These are the key concepts you need to understand to accurately answer the question.

Molar Mass
Molar mass is a fundamental concept in chemistry, which refers to the mass of one mole of a substance, typically expressed in grams per mole (g/mol). Understanding molar mass is essential when converting between the mass of a substance and the number of moles. It allows chemists to relate the weight of a compound to the amount of atoms or molecules it contains. In the context of the exercise, knowing the molar mass of palladium (Pd), which is 106.42 g/mol, enables us to calculate the number of moles of Pd deposited on the cathode.
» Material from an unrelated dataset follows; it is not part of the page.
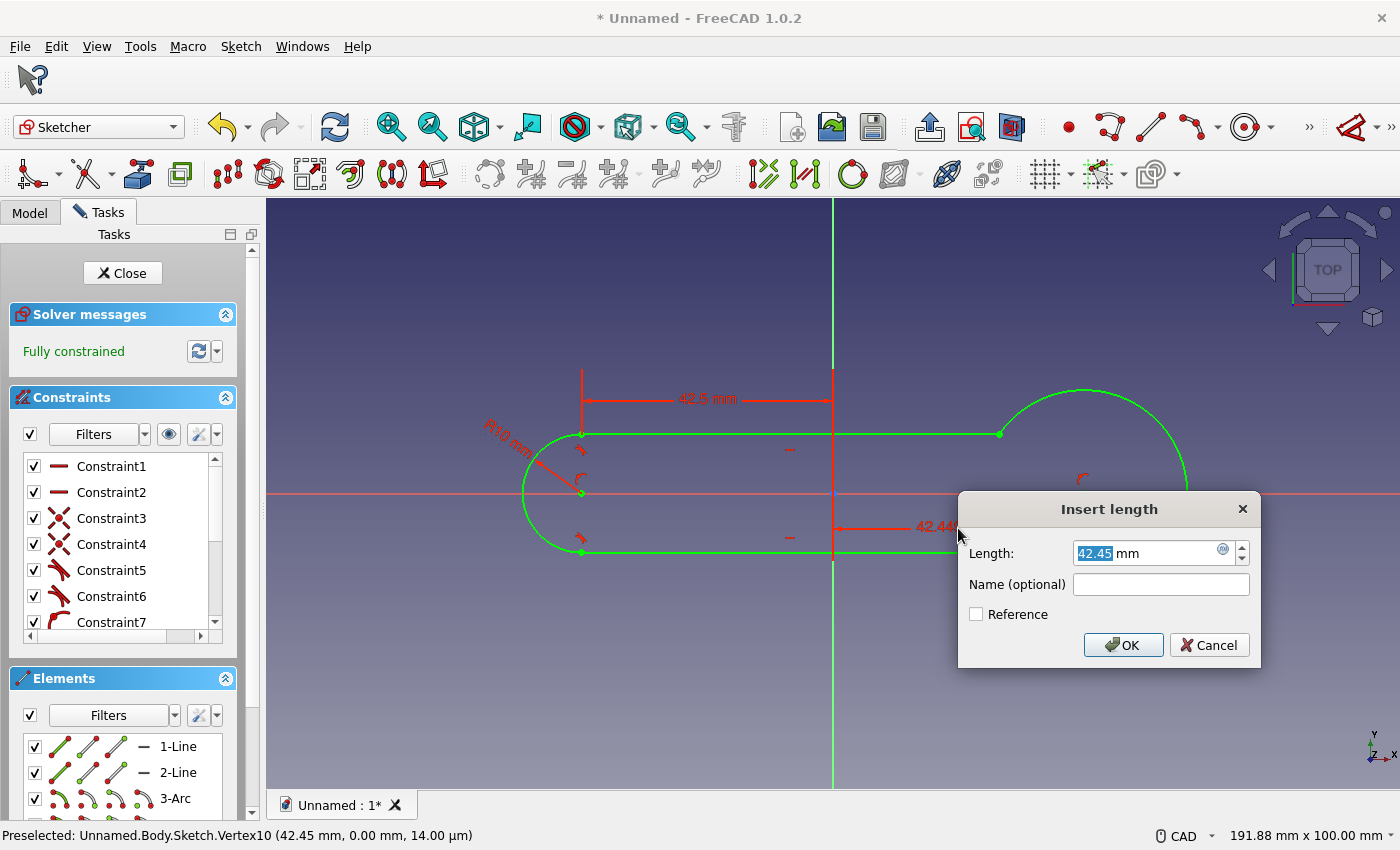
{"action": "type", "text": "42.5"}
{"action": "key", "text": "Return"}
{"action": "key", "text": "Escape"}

This is done by dividing the mass of Pd deposited by its molar mass:
  • Number of moles of Pd = \( \frac{0.1064 \,\text{g}}{106.42 \,\text{g/mol}} \)
With these calculations, the process of figuring out the amount of a substance in chemical reactions becomes much easier.
Faraday's Law
Faraday's Law of electrolysis is a key principle that links the chemical changes occurring in an electrochemical cell to the flow of electrical charge. It states that the amount of substance processed during electrolysis is directly proportional to the quantity of electric charge passed through the electrolyte. The law can be expressed through the formula:
  • Quantity of charge (in coulombs) = Moles of electrons \( \times \) Faraday constant (\( 96485 \,\text{C/mol} \))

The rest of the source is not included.